Have social media giants been ignoring the warning signs of social media harm?
In 2022, over 80 cases were brought together in a federal court in California against social media giants – primarily naming Meta and Instagram.
The backstory: Back in 2021, Frances Haugen, an ex-employee of Meta Platforms (the company that owns Instagram and Facebook), came out with some shocking internal documents revealing the company was knowingly choosing profits over community safety. She also confirmed that Facebook was aware of the damage its app Instagram had on vulnerable young people. Specifically, an internal study at Instagram found that many teenage girls using the app were struggling with depression and anxiety because of body image issues.
More recently: In 2022, over 80 cases were brought together in a federal court in California against social media giants – primarily naming Meta and Instagram. These cases were on behalf of young people saying these social media sites were the cause of their anxiety, depression and eating disorders and that they even contributed to some suicides.
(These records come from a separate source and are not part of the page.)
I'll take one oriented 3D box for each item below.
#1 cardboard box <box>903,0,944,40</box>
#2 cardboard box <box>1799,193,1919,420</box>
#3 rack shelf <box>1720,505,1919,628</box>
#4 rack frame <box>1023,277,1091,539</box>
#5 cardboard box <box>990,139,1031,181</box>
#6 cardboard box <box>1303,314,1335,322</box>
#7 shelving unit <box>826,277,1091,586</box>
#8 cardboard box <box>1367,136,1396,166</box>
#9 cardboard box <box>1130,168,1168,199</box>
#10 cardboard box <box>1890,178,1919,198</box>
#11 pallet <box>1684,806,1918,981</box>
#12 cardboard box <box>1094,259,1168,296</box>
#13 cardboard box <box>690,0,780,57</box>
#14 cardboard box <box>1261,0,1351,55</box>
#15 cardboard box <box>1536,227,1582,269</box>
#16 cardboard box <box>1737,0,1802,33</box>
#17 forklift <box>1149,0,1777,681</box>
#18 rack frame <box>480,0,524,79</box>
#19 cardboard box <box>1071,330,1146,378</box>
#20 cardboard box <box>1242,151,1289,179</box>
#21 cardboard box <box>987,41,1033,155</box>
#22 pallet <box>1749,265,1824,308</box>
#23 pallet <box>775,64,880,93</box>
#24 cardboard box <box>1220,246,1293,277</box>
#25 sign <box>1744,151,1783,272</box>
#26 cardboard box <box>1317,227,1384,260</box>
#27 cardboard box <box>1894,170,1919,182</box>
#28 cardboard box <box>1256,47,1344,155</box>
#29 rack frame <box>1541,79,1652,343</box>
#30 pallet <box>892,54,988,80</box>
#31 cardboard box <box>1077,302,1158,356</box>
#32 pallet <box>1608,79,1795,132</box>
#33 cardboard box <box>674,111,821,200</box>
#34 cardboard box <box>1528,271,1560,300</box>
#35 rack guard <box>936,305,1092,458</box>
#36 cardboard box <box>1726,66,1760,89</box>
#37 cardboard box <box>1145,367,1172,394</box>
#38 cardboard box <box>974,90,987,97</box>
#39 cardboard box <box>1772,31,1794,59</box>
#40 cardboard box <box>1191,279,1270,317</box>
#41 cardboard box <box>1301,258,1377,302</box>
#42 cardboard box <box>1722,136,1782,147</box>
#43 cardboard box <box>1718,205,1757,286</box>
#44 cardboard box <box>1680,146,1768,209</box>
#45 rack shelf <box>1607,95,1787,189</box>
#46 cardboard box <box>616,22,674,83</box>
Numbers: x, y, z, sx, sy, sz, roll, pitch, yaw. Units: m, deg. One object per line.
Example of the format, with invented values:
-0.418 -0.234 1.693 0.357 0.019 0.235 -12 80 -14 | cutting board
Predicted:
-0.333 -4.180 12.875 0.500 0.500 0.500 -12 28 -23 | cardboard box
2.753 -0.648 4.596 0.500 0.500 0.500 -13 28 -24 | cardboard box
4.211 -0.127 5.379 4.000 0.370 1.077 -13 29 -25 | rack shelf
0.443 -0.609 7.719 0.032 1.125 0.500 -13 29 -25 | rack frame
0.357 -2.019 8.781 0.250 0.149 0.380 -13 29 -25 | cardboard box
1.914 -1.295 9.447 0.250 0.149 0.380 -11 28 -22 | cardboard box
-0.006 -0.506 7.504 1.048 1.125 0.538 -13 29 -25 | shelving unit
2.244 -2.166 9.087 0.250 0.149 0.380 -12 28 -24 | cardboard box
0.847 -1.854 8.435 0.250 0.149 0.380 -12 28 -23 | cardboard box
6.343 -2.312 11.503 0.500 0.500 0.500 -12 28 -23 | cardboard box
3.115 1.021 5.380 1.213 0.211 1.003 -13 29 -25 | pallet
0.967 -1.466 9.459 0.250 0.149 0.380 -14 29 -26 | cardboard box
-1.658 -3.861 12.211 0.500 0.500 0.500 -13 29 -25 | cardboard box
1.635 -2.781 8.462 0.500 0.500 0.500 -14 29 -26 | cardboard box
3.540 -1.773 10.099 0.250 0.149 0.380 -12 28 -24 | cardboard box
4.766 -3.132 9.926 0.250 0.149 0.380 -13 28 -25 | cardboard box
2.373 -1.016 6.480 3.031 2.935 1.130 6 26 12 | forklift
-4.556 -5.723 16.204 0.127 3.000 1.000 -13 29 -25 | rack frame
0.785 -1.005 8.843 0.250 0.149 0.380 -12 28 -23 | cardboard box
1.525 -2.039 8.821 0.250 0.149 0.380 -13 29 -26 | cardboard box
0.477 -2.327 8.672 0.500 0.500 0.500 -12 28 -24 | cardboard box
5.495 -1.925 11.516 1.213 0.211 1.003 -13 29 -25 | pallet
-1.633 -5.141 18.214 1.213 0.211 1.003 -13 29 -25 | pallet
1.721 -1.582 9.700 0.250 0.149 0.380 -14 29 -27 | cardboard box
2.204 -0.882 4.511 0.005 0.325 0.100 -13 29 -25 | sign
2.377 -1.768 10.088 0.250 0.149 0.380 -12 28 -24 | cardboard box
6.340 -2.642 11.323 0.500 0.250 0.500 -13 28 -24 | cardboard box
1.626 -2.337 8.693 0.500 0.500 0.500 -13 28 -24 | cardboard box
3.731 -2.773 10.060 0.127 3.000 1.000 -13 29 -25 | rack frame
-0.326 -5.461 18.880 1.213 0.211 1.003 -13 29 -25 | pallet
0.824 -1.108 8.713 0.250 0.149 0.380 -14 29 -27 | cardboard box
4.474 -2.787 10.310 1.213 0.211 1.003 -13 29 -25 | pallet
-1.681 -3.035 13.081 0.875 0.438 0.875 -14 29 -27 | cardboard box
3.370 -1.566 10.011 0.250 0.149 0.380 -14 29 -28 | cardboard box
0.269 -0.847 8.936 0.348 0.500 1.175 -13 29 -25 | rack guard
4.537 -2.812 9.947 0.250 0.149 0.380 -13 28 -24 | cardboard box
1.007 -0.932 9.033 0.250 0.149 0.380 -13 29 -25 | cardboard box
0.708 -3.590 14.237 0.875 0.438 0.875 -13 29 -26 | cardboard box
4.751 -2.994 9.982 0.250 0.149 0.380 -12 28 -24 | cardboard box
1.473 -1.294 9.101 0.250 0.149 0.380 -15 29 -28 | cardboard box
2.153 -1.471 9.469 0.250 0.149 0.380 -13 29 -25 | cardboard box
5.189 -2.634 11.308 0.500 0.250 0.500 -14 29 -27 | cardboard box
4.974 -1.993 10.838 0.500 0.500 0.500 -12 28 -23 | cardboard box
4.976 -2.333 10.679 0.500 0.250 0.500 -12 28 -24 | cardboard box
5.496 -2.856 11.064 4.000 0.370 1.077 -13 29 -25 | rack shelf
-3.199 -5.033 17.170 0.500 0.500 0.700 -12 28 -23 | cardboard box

These cases are still pending.
The development: But here's where it gets even crazier – an unredacted version of the court filing just revealed how much Meta and TikTok's parent company, ByteDance, allegedly knew about the dangerous effects their platforms had on minors. The filing says Meta CEO Zuckerberg was personally warned and that rather than take proactive measures to protect children on the app, Meta defunded its mental health team (which a Meta spokesperson has said isn't true). It also says ByteDance's internal docs showed the company knew young people are more prone to falling for dangerous social media challenges.
The social media giants may rely on a 1996 law that protects internet platforms from being liable for things users post. They also have their eye on an ongoing Supreme Court case over just how culpable these companies are for hosting harmful content.
"In fact because this so important our company, we actually increased funding, shown by the over 30 tools we offer to support teens and families," said a Meta spokesperson regarding the allegation that the company cut mental health funding. "Today, there are hundreds of employees working across the company to build features to this effect."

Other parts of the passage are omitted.